◆ Problem to work on: Print exactly and only the lines that run from the one containing "The objects named" through the end of the material, please, omitting pictures.
··········
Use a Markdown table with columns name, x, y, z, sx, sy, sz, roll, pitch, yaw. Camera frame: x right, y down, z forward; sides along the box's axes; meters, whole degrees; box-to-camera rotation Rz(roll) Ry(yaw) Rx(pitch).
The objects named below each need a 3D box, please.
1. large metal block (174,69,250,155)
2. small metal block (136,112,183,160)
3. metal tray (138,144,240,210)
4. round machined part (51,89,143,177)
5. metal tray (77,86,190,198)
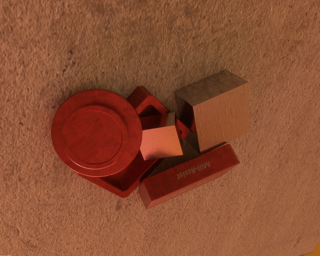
··········
◆ Answer for the task:
The objects named below each need a 3D box, please.
1. large metal block (174,69,250,155)
2. small metal block (136,112,183,160)
3. metal tray (138,144,240,210)
4. round machined part (51,89,143,177)
5. metal tray (77,86,190,198)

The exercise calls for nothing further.